What the exercise asks: Report all lines of the data below that hold the word "depth".

Supplied material:
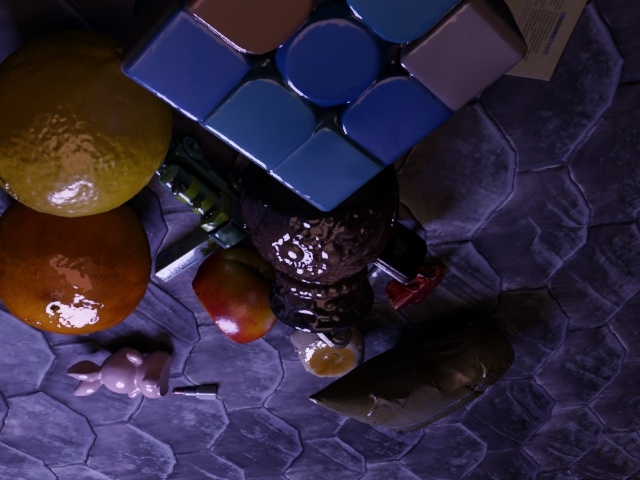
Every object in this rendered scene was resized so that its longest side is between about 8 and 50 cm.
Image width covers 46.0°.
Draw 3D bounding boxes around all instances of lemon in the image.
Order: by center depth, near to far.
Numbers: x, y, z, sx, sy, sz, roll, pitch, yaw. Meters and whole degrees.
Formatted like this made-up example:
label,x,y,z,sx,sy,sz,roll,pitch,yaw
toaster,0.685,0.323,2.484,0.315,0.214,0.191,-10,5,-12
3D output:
label,x,y,z,sx,sy,sz,roll,pitch,yaw
lemon,-0.359,-0.170,1.115,0.293,0.293,0.293,-3,134,-3

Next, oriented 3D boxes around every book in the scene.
label,x,y,z,sx,sy,sz,roll,pitch,yaw
book,0.310,-0.339,1.199,0.192,0.013,0.168,6,133,-12

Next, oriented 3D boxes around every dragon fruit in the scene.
label,x,y,z,sx,sy,sz,roll,pitch,yaw
dragon fruit,0.196,0.082,1.574,0.097,0.063,0.131,-9,145,-46

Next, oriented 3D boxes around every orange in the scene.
label,x,y,z,sx,sy,sz,roll,pitch,yaw
orange,-0.443,0.037,1.336,0.284,0.226,0.283,-1,128,-1

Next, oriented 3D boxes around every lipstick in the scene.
label,x,y,z,sx,sy,sz,roll,pitch,yaw
lipstick,-0.300,0.362,1.795,0.107,0.025,0.025,1,134,0

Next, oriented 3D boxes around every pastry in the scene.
label,x,y,z,sx,sy,sz,roll,pitch,yaw
pastry,0.020,0.230,1.662,0.166,0.088,0.165,-4,131,-4

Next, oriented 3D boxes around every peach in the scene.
label,x,y,z,sx,sy,sz,roll,pitch,yaw
peach,-0.162,0.108,1.459,0.190,0.190,0.192,20,127,-23

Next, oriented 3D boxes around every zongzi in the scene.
label,x,y,z,sx,sy,sz,roll,pitch,yaw
zongzi,0.211,0.278,1.611,0.356,0.174,0.393,-35,149,20

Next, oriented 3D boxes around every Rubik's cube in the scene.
label,x,y,z,sx,sy,sz,roll,pitch,yaw
Rubik's cube,-0.004,-0.314,0.963,0.344,0.346,0.347,33,122,-30

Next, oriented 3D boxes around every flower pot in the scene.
label,x,y,z,sx,sy,sz,roll,pitch,yaw
flower pot,0.000,0.000,1.297,0.267,0.266,0.267,-2,125,-4

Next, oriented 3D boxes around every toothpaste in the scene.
label,x,y,z,sx,sy,sz,roll,pitch,yaw
toothpaste,-0.253,0.019,1.459,0.164,0.046,0.034,-31,132,22

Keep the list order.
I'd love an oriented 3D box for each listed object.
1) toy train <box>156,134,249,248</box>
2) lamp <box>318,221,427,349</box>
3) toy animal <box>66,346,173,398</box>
label,x,y,z,sx,sy,sz,roll,pitch,yaw
toy train,-0.204,-0.090,1.301,0.083,0.132,0.200,-34,130,24
lamp,0.054,0.059,1.507,0.203,0.124,0.283,36,126,-9
toy animal,-0.439,0.283,1.660,0.213,0.124,0.124,7,133,-1
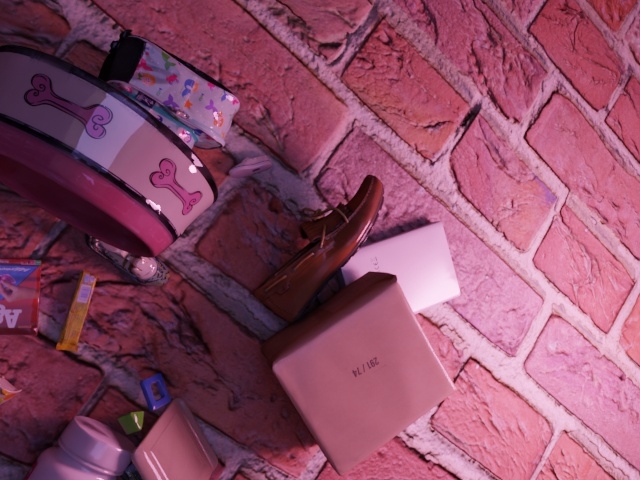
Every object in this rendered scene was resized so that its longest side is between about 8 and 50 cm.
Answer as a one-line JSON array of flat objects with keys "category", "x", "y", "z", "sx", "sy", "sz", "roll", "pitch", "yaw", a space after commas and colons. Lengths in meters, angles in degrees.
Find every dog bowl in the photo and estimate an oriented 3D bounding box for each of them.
[{"category": "dog bowl", "x": -0.385, "y": -0.117, "z": 0.903, "sx": 0.408, "sy": 0.408, "sz": 0.150, "roll": 33, "pitch": 70, "yaw": -19}]

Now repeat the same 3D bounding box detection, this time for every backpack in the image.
[{"category": "backpack", "x": -0.295, "y": -0.257, "z": 1.058, "sx": 0.254, "sy": 0.225, "sz": 0.191, "roll": 19, "pitch": 84, "yaw": -32}]

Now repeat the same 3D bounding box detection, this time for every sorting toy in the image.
[{"category": "sorting toy", "x": -0.612, "y": 0.279, "z": 1.000, "sx": 0.075, "sy": 0.045, "sz": 0.083, "roll": -41, "pitch": 104, "yaw": 0}, {"category": "sorting toy", "x": -0.289, "y": 0.436, "z": 1.077, "sx": 0.047, "sy": 0.196, "sz": 0.347, "roll": -24, "pitch": 99, "yaw": 15}]

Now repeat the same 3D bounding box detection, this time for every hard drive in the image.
[{"category": "hard drive", "x": 0.194, "y": 0.090, "z": 1.357, "sx": 0.308, "sy": 0.040, "sz": 0.203, "roll": -18, "pitch": 95, "yaw": -24}]

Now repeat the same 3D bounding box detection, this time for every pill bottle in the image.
[{"category": "pill bottle", "x": -0.469, "y": 0.477, "z": 0.983, "sx": 0.160, "sy": 0.160, "sz": 0.283, "roll": 36, "pitch": 74, "yaw": -19}]

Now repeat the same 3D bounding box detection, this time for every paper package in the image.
[{"category": "paper package", "x": 0.081, "y": 0.280, "z": 1.202, "sx": 0.325, "sy": 0.168, "sz": 0.309, "roll": -32, "pitch": 101, "yaw": -12}]

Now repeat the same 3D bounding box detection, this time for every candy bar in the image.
[{"category": "candy bar", "x": -0.475, "y": 0.138, "z": 1.072, "sx": 0.040, "sy": 0.018, "sz": 0.161, "roll": 17, "pitch": 81, "yaw": -26}]

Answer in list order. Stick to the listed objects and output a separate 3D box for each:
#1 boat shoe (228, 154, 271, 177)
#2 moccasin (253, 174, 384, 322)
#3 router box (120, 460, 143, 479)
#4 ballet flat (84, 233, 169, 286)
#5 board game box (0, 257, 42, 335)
[{"category": "boat shoe", "x": -0.160, "y": -0.169, "z": 1.219, "sx": 0.100, "sy": 0.035, "sz": 0.035, "roll": -20, "pitch": 69, "yaw": -19}, {"category": "moccasin", "x": 0.000, "y": 0.000, "z": 1.219, "sx": 0.147, "sy": 0.139, "sz": 0.380, "roll": 40, "pitch": 91, "yaw": -6}, {"category": "router box", "x": -0.339, "y": 0.483, "z": 1.107, "sx": 0.092, "sy": 0.038, "sz": 0.122, "roll": -30, "pitch": 100, "yaw": -21}, {"category": "ballet flat", "x": -0.385, "y": 0.035, "z": 1.091, "sx": 0.188, "sy": 0.070, "sz": 0.070, "roll": 33, "pitch": 75, "yaw": -19}, {"category": "board game box", "x": -0.664, "y": 0.101, "z": 0.986, "sx": 0.281, "sy": 0.027, "sz": 0.145, "roll": 3, "pitch": 88, "yaw": -24}]
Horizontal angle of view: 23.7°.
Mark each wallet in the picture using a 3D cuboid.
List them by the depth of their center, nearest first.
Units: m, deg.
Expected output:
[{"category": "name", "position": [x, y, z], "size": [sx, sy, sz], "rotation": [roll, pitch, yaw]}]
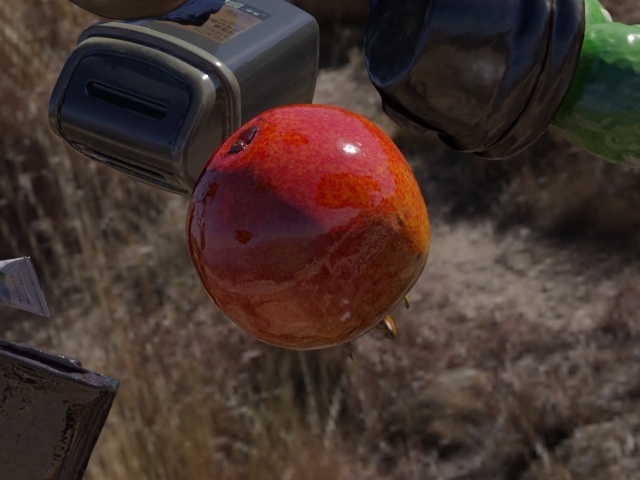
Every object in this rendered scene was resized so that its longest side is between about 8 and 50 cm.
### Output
[{"category": "wallet", "position": [-0.366, 0.238, 1.888], "size": [0.182, 0.229, 0.049], "rotation": [20, 24, -5]}]

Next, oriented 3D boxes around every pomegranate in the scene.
[{"category": "pomegranate", "position": [0.000, 0.000, 1.390], "size": [0.221, 0.256, 0.221], "rotation": [-21, 42, 20]}]

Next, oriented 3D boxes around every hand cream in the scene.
[{"category": "hand cream", "position": [-0.404, 0.057, 1.998], "size": [0.053, 0.084, 0.142], "rotation": [-28, 20, -32]}]

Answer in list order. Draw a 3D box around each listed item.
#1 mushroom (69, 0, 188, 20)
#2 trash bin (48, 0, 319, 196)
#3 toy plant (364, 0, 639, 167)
[{"category": "mushroom", "position": [-0.183, -0.258, 1.357], "size": [0.188, 0.117, 0.141], "rotation": [19, 19, -45]}, {"category": "trash bin", "position": [-0.143, -0.168, 1.686], "size": [0.209, 0.182, 0.290], "rotation": [19, 35, 23]}, {"category": "toy plant", "position": [0.164, -0.139, 1.143], "size": [0.235, 0.175, 0.218], "rotation": [9, 24, -21]}]
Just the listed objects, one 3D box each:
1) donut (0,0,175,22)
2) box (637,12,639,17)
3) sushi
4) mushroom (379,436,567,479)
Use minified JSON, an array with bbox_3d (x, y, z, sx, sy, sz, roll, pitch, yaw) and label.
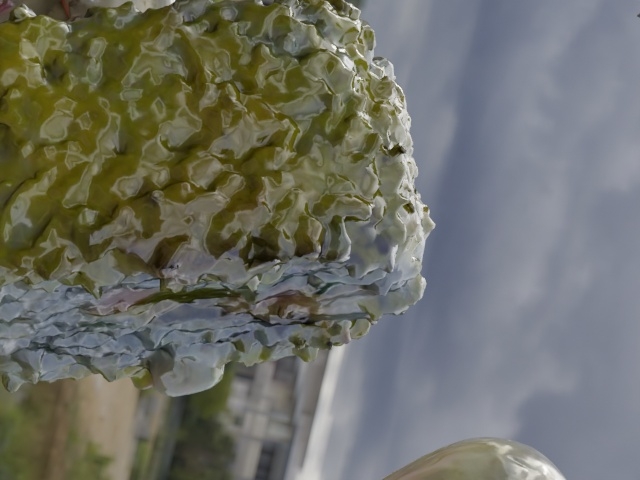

Task solution:
Order: by center depth, near to far.
List them by the depth of their center, nearest first.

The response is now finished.